Изменить стиль страницы

Поэма «Тринадцать» датирована так: октябрь 1993 — май 1996. А в конце июня Евтушенко уже в Штатах. Спецкурс по Пушкину. Сорок пар молоденьких глаз.

Произошел потоп.
Квас патриотов скис.
СССР не усоп,
а перебрался в Квинс.
(«Спецкурс по Пушкину в Нью-Йорке»)

Он предпочел жить среди своих учеников в Квинсе, а не на Манхэттене с большинством своих более благополучных коллег, к тому же ему нравится широкий этнический состав студенчества, свойственный Квинсу. Юные слушатели его — из бывшего СССР.

Где-то в Оклахоме и Айове
неужели высохнет душа
капельками русской моей крови,
всосанными в землю США?
(«В американском госпитале»)

Написано 18 июля 1996-го. Не молодеем.

ЧТО ЖЕ ВСЕ-ТАКИ БЫЛО?

«Потеря Владимира Соколова была одной из самых тяжелых утрат во всей моей жизни и может сравниться по величине сразу образовавшейся пустоты лишь с потерей моего отца. Володя, несмотря на то что был лишь на четыре года меня старше, стал для меня одним из поэтических отцов».

Снег зимой 1997 года был Соколовским — поразительно белым, пухово-лебяжьим. «Весь в перьях сад, весь в белых перьях сад». Вредили оттепели. Под ногами леденело. Люди падали, ломались. Январь шел трудно. 24-го не стало Соколова. Евтушенко прилетел на его похороны.

Радиостанция «Эхо Москвы» каждые 15 минут сообщала: в Театре эстрады состоится вечер анекдота, участвуют те-то и те-то, куча имен. Не до Соколова. Театр — в Доме на Набережной, который смотрит одним боком на местность, в прошлом именовавшуюся Болото. На Болоте казнили людей (и Емельку Пугачева) и торговали хлебом. Рядом — Лаврушинский переулок. Там Соколов провел последние годы, наконец-то под кровом благоустроенности. Лирик чистой воды, он — поэт Москвы, поэт сноса и слома, поэт старинных особняков, поэт Арбата — и старого, и нового, Спасоналивковского переулка, Тверского бульвара, его московская топонимика чуть не безгранична и естественным образом выходит за карту столицы. Здесь же — и какой-нибудь старенький Осташков. И озеро Селигер. Много чего.

Есть такое крылатое словцо: вся Москва. Ее-то и не было там, в Малом зале Центрального дома литераторов, где прощались с Соколовым. Нынешняя вся Москва поэту Москвы предпочла анекдотчиков. Советская эпоха дала много поэтов из народа.

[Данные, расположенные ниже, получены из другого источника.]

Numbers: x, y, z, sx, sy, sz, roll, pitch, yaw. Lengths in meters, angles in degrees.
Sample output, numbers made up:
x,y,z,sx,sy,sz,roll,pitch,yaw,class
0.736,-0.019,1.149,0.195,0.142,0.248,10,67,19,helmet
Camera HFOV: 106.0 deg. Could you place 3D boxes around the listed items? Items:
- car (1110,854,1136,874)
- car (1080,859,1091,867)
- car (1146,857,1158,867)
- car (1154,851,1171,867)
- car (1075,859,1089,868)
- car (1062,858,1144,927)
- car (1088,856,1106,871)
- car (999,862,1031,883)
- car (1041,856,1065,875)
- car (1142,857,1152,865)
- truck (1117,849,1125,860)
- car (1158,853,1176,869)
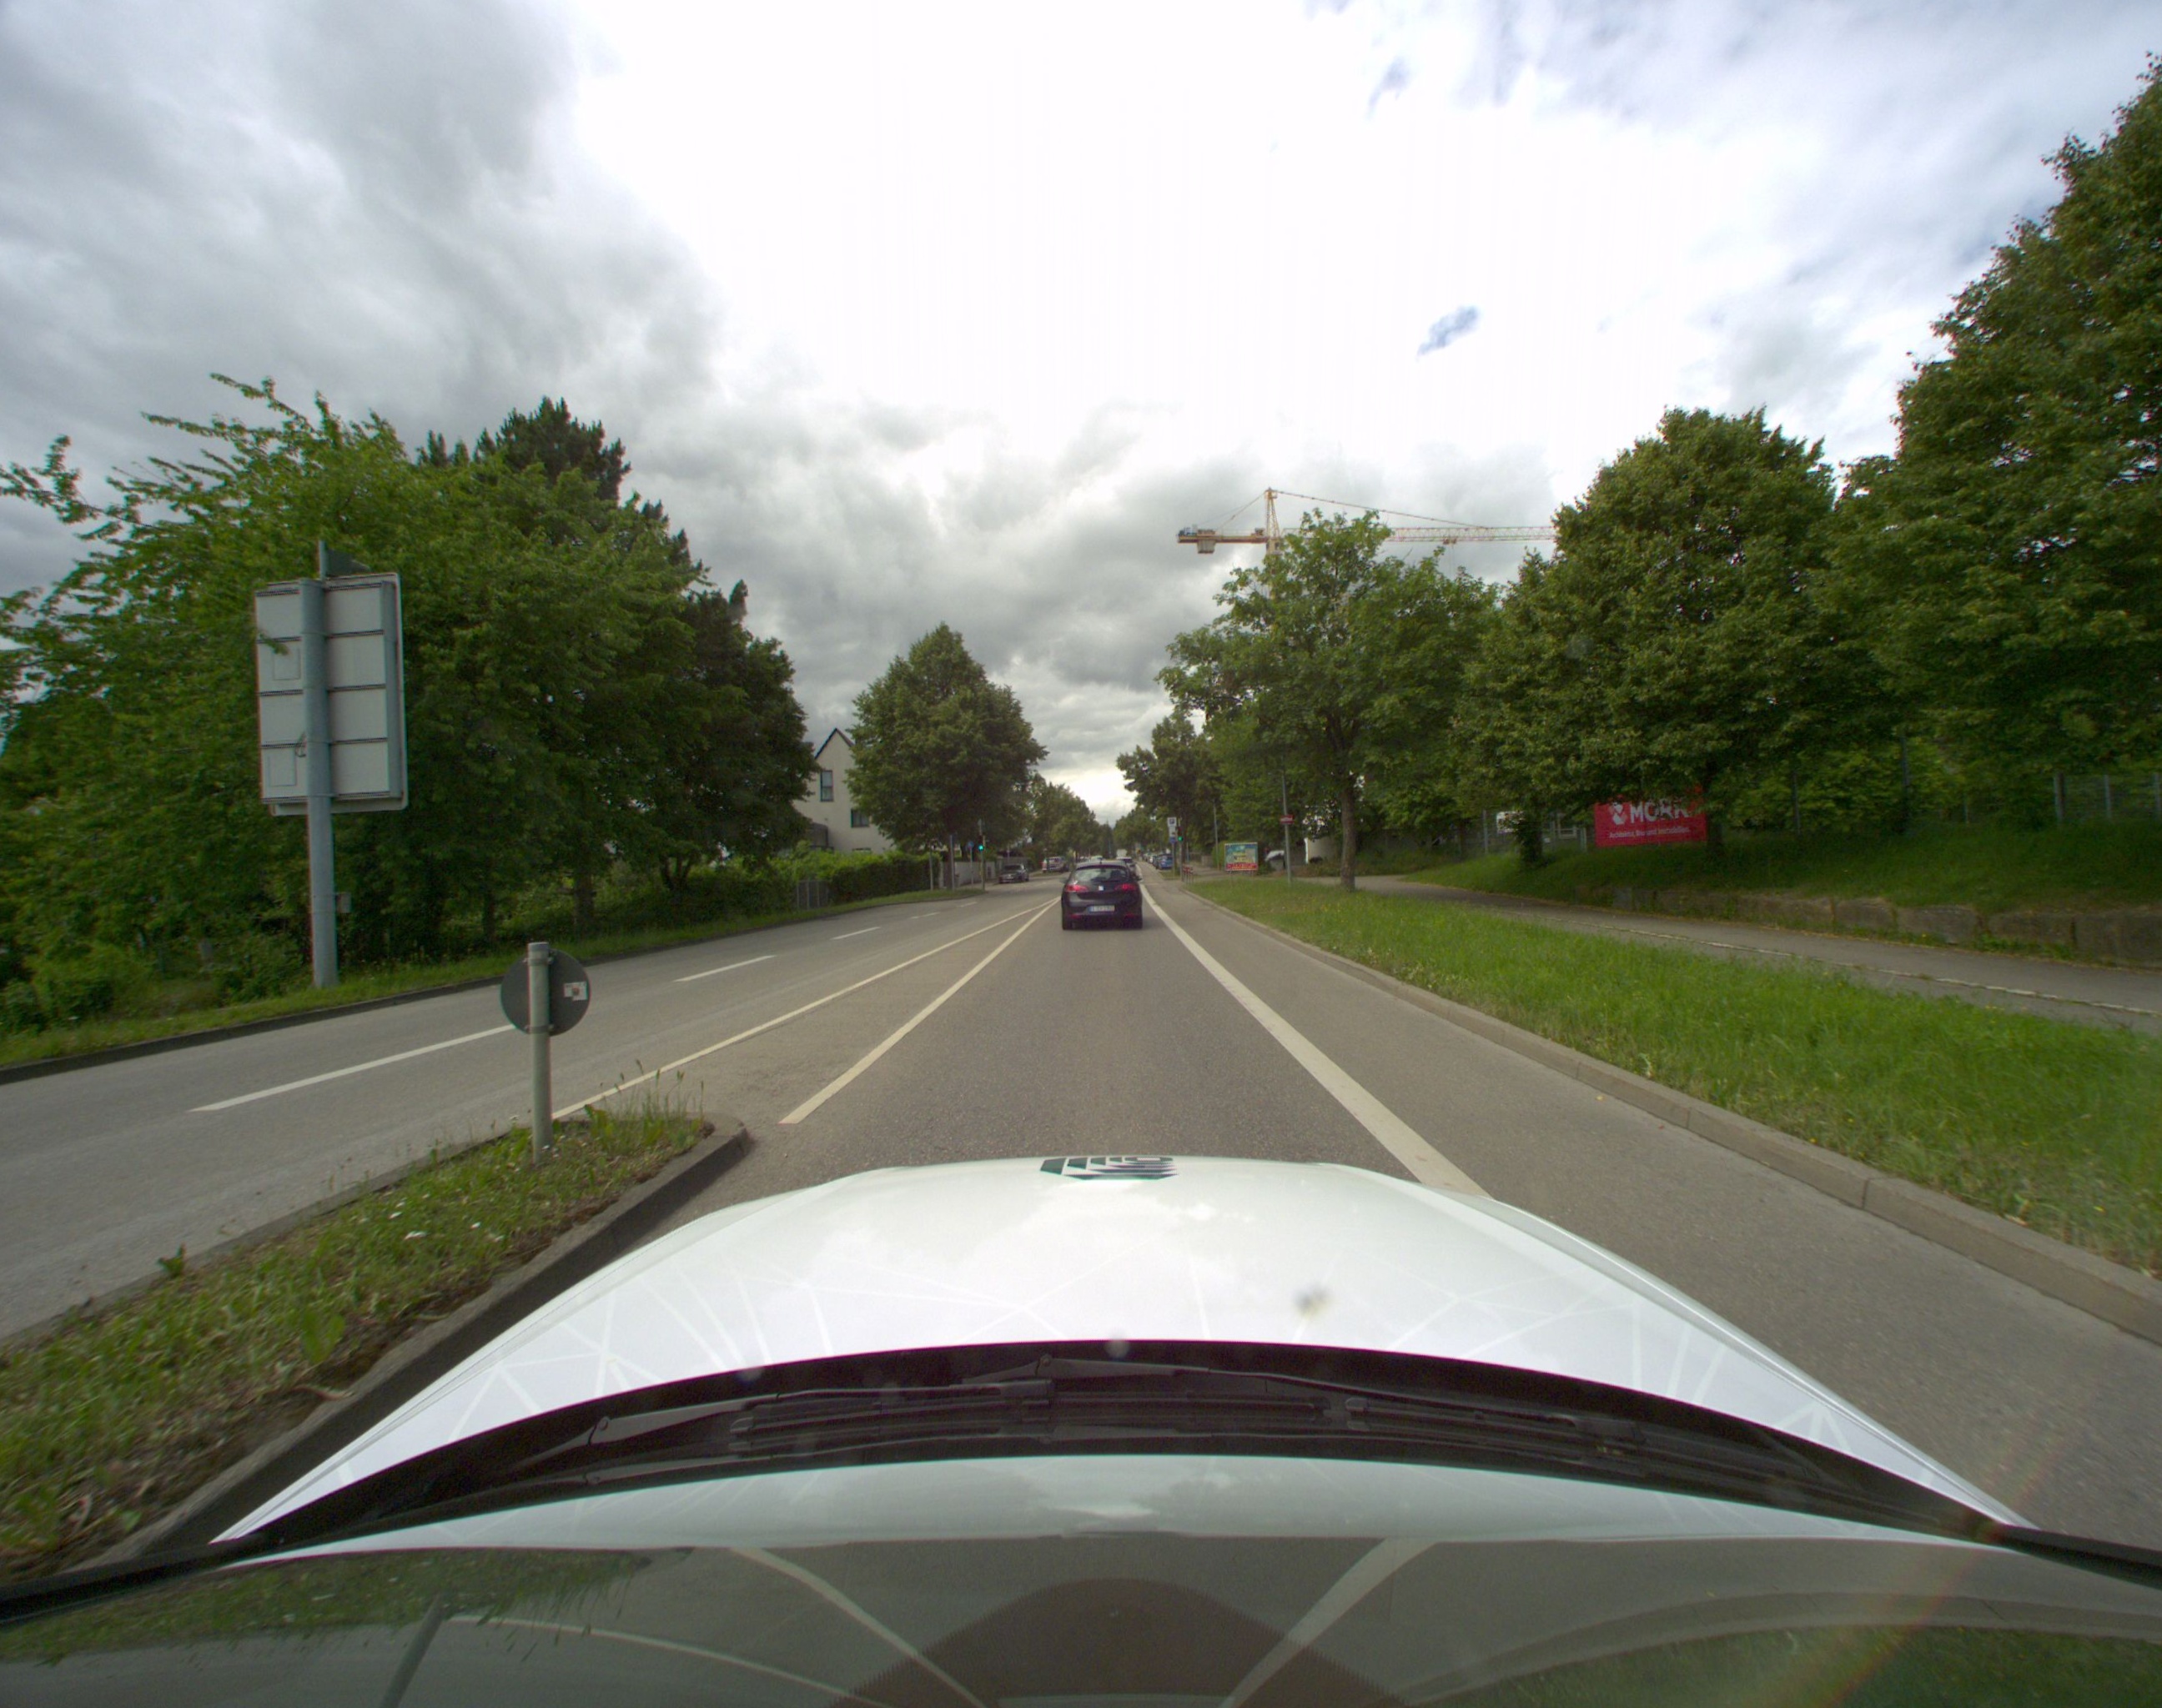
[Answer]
x,y,z,sx,sy,sz,roll,pitch,yaw,class
3.264,0.752,62.386,1.837,1.510,3.816,-1,-1,5,car
0.941,2.036,180.884,2.091,1.506,5.788,-4,-1,3,car
11.600,1.273,133.204,1.681,1.564,4.217,-2,0,3,car
8.985,0.534,89.874,1.681,1.711,4.217,-2,0,3,car
0.265,1.777,148.039,2.091,1.506,5.788,-4,-1,3,car
0.506,0.808,18.567,1.656,1.401,3.813,-1,-1,2,car
1.960,1.098,97.999,1.866,1.635,4.346,-4,-1,5,car
-4.934,1.342,61.640,1.711,1.395,4.805,-4,-1,3,car
-3.112,1.233,90.843,2.091,1.896,5.788,-4,-1,3,car
12.808,1.324,157.558,1.681,1.564,4.217,-2,0,3,car
11.391,0.116,232.411,2.270,3.104,8.515,0,-1,2,truck
8.971,0.723,84.843,1.681,1.490,3.357,-2,0,3,car

Их предсказал Гумилёв в стихах о Распутине «Мужик»:

Вот уже он и с котомкой,
Путь оглашая лесной
Песней протяжной, негромкой,
Но озорной, озорной.
Путь этот — светы и мраки,
Посвист разбойный в полях,
Ссоры, кровавые драки
В страшных, как сны, кабаках.
В гордую нашу столицу
Входит он — Боже, спаси! —
Обворожает царицу
Необозримой Руси…

Предвосхищена есенинщина в самом грубом ее изводе: без Есенина.

Советский Гришка-у-трона жил барином. Гришка, не допущенный во дворец, попросту по-черному спивался.

Сейчас уже нет на свете ни Соколова, ни Смелякова, ни их прямых наследников, и вряд ли кого-то кровно заденет темный эпизод из жизни поэтов того круга. Богема по-советски вещь тяжелая, порой ниже плинтуса. Однажды они пили допоздна у Соколова, водки не хватило, Соколов побежал в ночь на поиски, а когда вернулся, застал свою жену в объятиях гостя.

У другого — того, своего —
Не спросил: что же все-таки было?
(До сих пор я не знаю, кого
Ты любила тогда, не любила.)

Чуть позже она покончила с собой, выбросившись из окна их квартиры на шестом этаже. «Ты камнем упала, я умер под ним». Катастрофу превозмогал тяжелейшим образом, пил, у него отнимались ноги, а когда встал, при ходьбе опирался на трость с подлокотником. У него были дети, сын и дочь, рано угасшие.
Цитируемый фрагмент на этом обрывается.